Les employés de la centrale nucléaire de Zaporijia ont été enlevés, torturés puis condamnés à de longues peines de prison pour « terrorisme » 7. D’autres ont été accusés de sabotage et détenus 8. Un travailleur s’est fait dire par des tortionnaires russes pendant les interrogatoires : « Pense à ce que tu peux faire pour rester en vie ». L’homme a perdu connaissance à plusieurs reprises à cause des nombreux coups, des strangulations et des chocs électriques. Des représentants de Rosatom — l’agence fédérale russe pour l’énergie atomique — se sont rendus complices des tortures selon plusieurs organisations 9 et Rosatom aurait installé des chambres de torture dans les sous-sols de la centrale.

Au-delà Zaporijia, la Russie a attaqué d’autres installations nucléaires en Ukraine. Lors des premiers jours de l’invasion en février 2022, les troupes russes ont occupé la zone d’exclusion de Tchernobyl. Soulevant de la poussière, leurs véhicules blindés ont provoqué des pics de radioactivité. Cette zone abrite l’unité 4, scellée sous un sarcophage de béton après sa destruction par l’explosion, ainsi que trois autres réacteurs à différents stades de déclassement — du combustible nucléaire usé et d’autres déchets de faible et de haute activité. À en juger par le saccage du site, il est peu probable que les envahisseurs nucléaires aient été conscients de l’héritage radioactif du site de Tchernobyl — ou alors, les stratèges militaires du Kremlin espéraient provoquer une catastrophe nucléaire. 

Les troupes russes ont également ciblé avec un missile une installation d’enfouissement de déchets radioactifs à Kiev et elles ont bombardé le célèbre Institut technique physique de Kharkiv 10. Le Groupe des régulateurs européens pour la sûreté nucléaire (ENSRG) a condamné l’agression militaire « non provoquée et injustifiée » de la Russie 11. Le gouvernement ukrainien n’a quant à lui pas hésité à qualifier les attaques russes de « terrorisme nucléaire » 12.

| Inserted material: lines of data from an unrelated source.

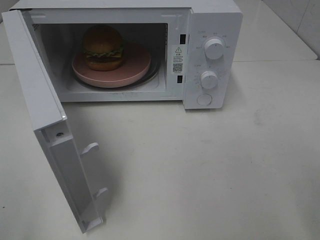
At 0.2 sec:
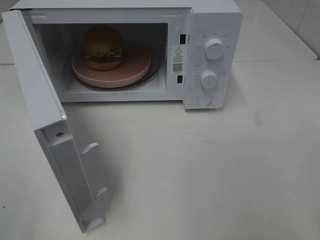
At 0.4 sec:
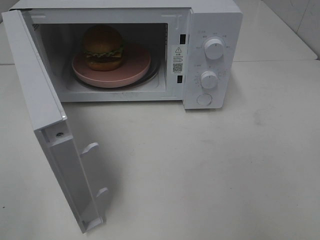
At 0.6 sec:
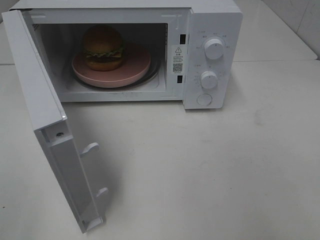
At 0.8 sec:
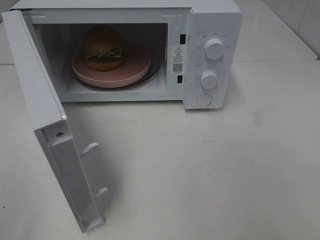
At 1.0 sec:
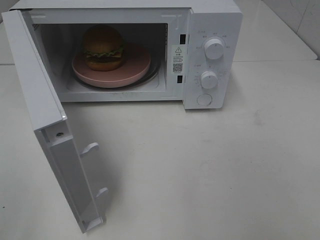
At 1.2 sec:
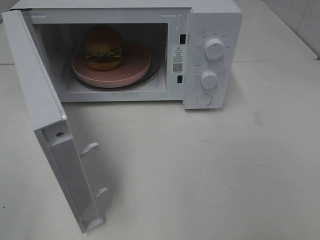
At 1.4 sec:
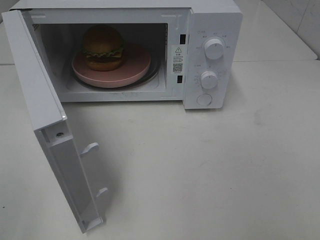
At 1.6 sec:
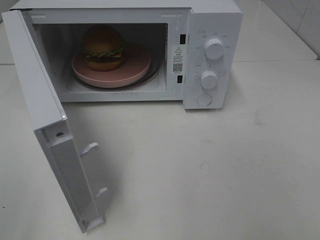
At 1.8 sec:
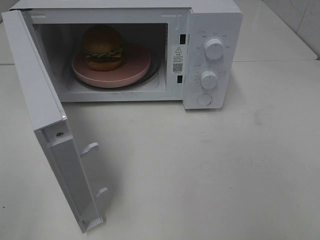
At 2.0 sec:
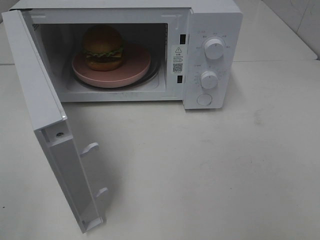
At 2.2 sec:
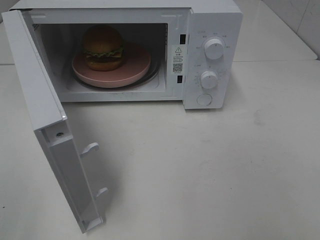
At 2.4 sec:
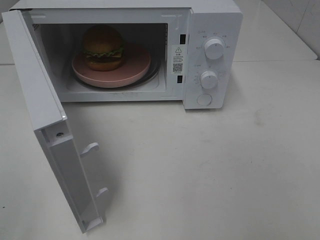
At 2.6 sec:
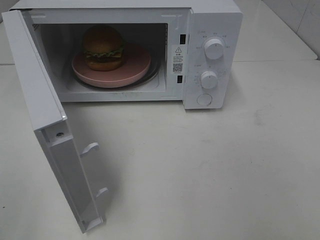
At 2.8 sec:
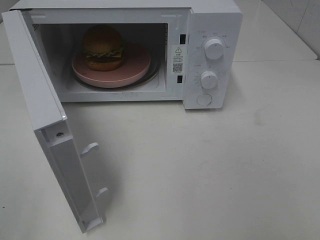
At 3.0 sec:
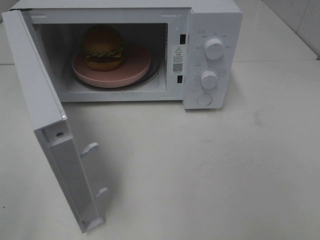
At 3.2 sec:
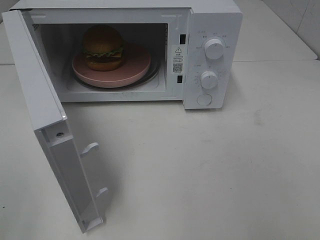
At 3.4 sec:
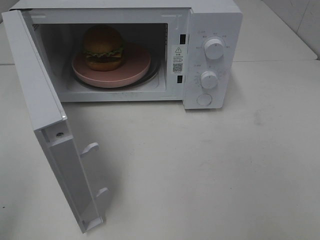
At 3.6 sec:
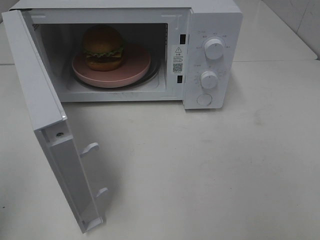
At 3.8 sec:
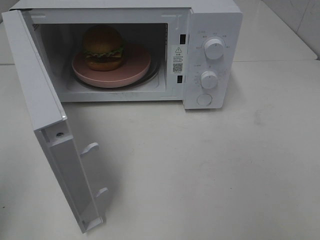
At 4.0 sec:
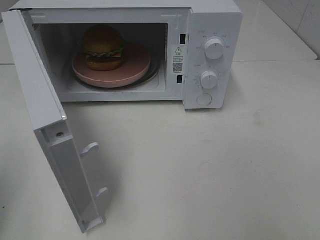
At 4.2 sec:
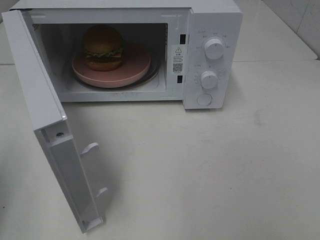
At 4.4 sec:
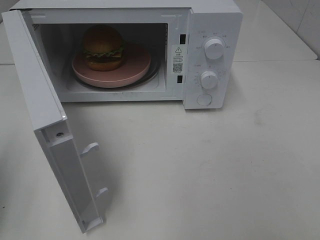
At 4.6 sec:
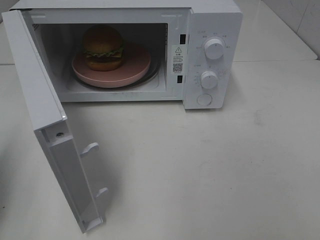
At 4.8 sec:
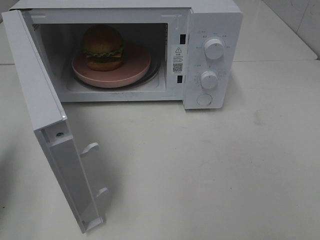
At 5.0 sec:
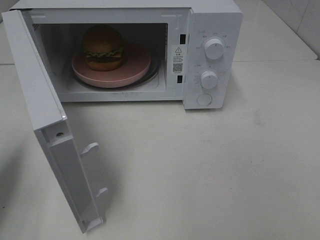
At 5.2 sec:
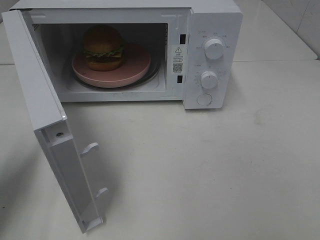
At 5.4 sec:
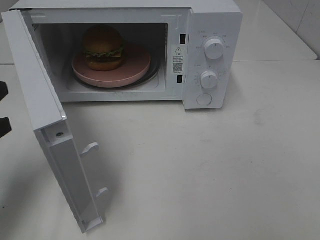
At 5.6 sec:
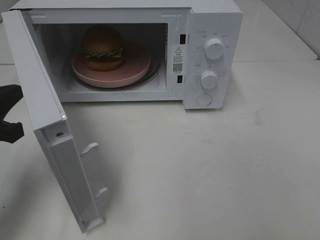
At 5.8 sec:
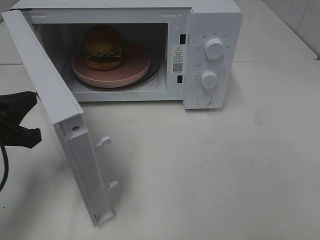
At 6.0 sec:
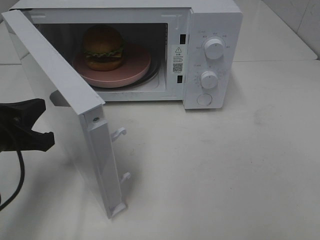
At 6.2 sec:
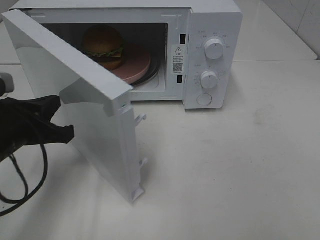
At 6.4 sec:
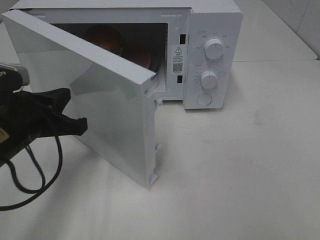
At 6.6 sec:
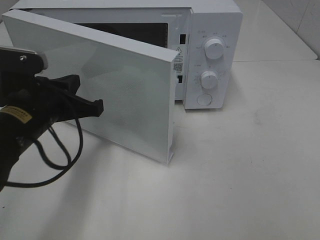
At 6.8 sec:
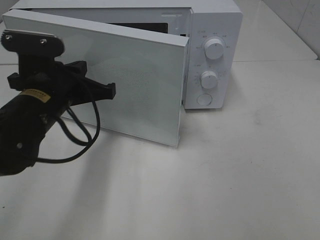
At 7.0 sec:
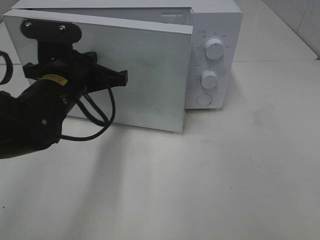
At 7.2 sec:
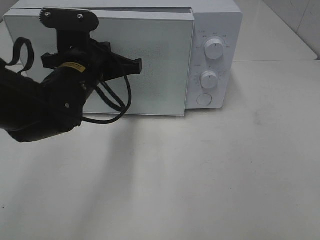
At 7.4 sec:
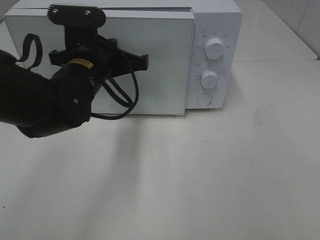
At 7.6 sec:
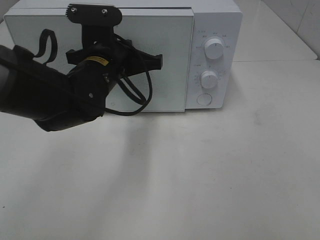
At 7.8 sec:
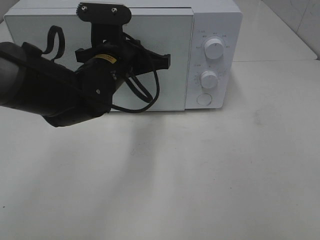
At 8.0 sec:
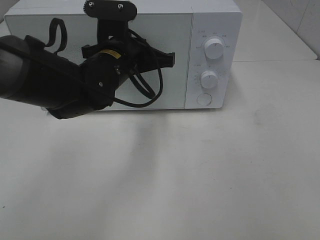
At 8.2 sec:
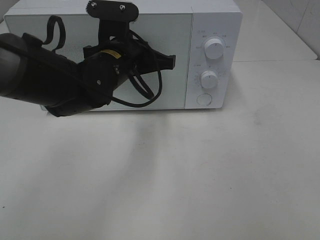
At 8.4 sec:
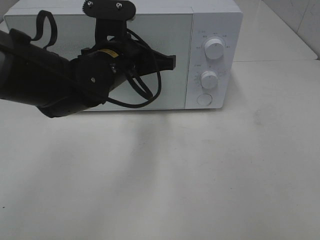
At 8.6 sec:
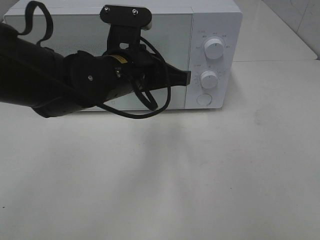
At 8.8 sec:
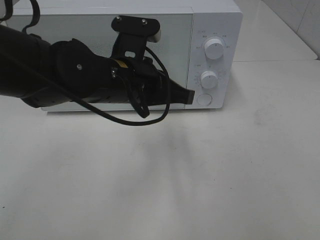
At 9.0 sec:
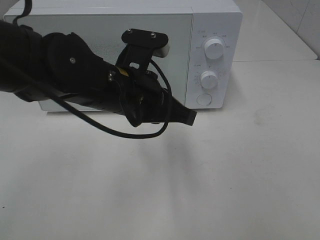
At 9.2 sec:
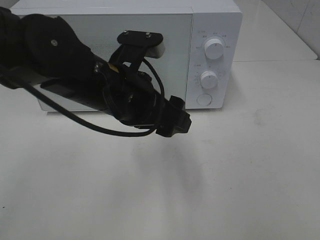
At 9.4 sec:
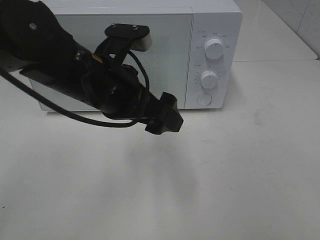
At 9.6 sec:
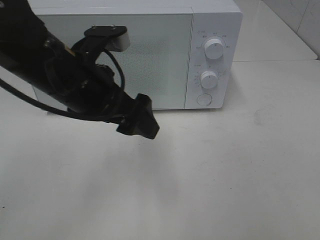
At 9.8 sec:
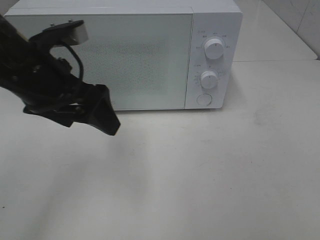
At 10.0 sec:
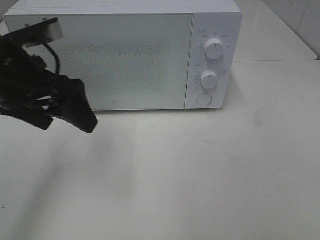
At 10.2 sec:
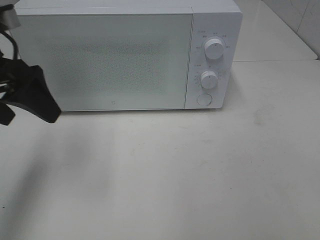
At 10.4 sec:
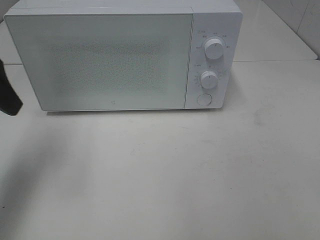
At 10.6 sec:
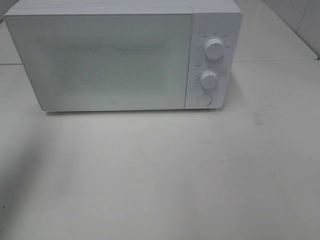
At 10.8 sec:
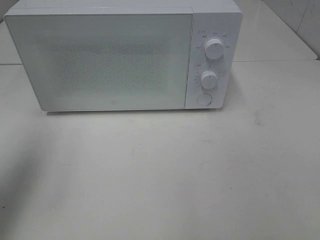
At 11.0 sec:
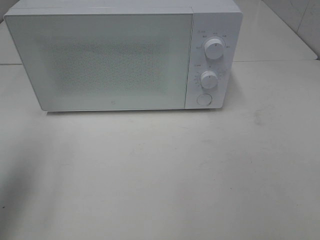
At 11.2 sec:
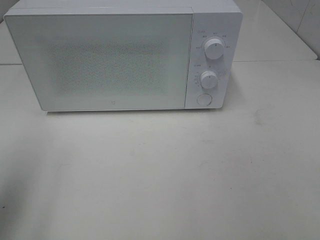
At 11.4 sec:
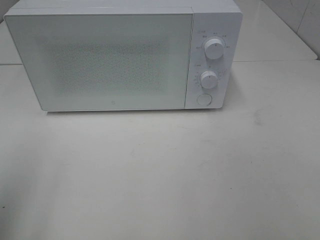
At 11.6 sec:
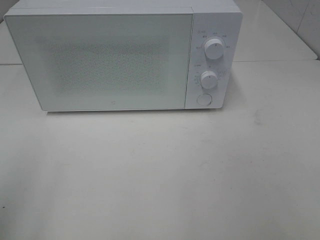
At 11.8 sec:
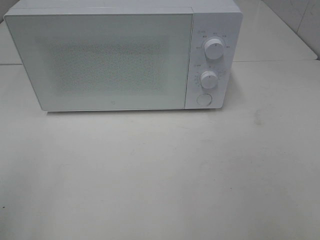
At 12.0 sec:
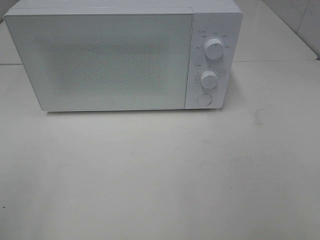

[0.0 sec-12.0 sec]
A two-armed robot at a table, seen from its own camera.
Task of the whole recording: Heat the burger.
Step, 0.0 sec to 9.0 sec: Left hand: close the microwave door.
1.6 sec to 3.0 sec: Both grippers stay put.
4.4 sec to 6.0 sec: The left gripper shifts approximately 15 cm to the right, downward and forward.
6.0 sec to 7.6 sec: The left gripper heads to the right and forward, covering approximately 20 cm.
7.6 sec to 9.0 sec: The left gripper shifts roughly 5 cm backward.
9.0 sec to 10.4 sec: The left gripper is displaced to the left by approximately 25 cm, and opens.
10.4 sec to 12.0 sec: The left gripper heads backward, covering some 20 cm.

À en juger par le saccage du site, il est peu probable que les envahisseurs nucléaires aient été conscients de l’héritage radioactif du site de Tchernobyl — ou alors, les stratèges militaires du Kremlin espéraient provoquer une catastrophe nucléaire. 

Paul Josephson

Augmentant encore davantage les risques liés à la centrale nucléaire de Zaporijia, les troupes russes ont fait exploser, en juin 2023, le barrage de Kakhovka — un ouvrage long de trois kilomètres, situé sur le Dniepr — après avoir fait monter l’eau à un niveau record afin d’amplifier les inondations en aval. L’eau a inondé 80 villages et villes 13. Des produits pétrochimiques et des déchets urbains contenus dans l’eau ont été répandus en aval, créant des marécages toxiques et boueux, et jonchant les rives de cadavres, de bétail, d’animaux et de poissons.

La centrale nucléaire de Zaporijia dépend du Dniepr pour son eau de refroidissement et pour son canal de décharge. Par chance, le niveau de l’eau des bassins situés dans les environs de la centrale est demeuré à une hauteur normale. Mais les bassins de refroidissement restent menacés et les Russes ont truffé la région de mines 14.

Ces dernières semaines, la Russie a recommencé à frapper des centrales nucléaires.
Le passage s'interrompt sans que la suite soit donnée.